§ WORK INSTRUCTION: Find every line in the records below that contains "image", and copy it.

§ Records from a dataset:
···
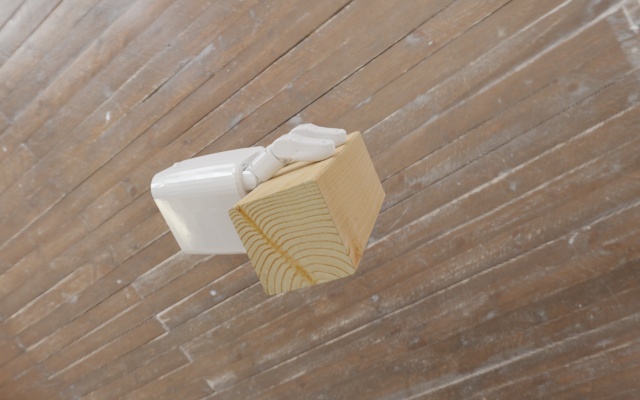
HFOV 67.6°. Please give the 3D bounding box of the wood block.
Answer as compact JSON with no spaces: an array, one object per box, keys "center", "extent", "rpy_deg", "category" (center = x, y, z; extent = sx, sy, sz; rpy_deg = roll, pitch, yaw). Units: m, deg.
[{"center":[0.000,0.002,0.500],"extent":[0.090,0.091,0.206],"rpy_deg":[-18,14,20],"category":"wood block"}]
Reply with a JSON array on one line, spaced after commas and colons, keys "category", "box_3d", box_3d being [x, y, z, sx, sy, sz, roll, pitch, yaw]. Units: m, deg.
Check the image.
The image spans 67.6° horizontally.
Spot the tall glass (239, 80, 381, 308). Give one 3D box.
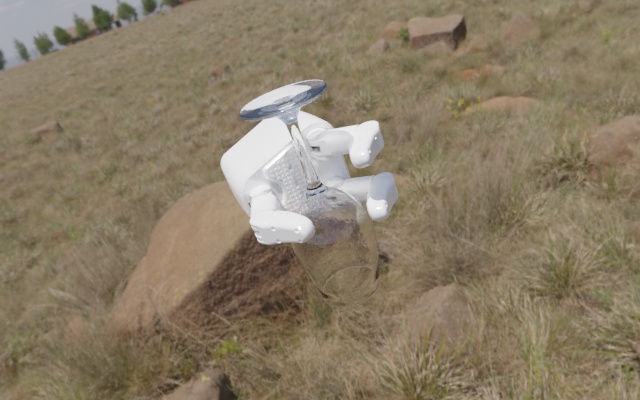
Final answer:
[{"category": "tall glass", "box_3d": [0.000, 0.001, 0.427, 0.079, 0.201, 0.079, -16, 27, 8]}]
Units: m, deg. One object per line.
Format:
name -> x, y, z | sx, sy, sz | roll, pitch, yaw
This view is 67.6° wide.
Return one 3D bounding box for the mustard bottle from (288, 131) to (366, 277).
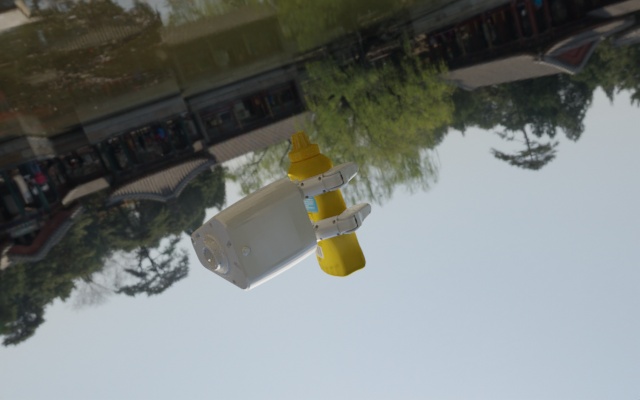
···
§ YOUR SOLUTION:
Check the image.
The image spans 67.6° horizontally.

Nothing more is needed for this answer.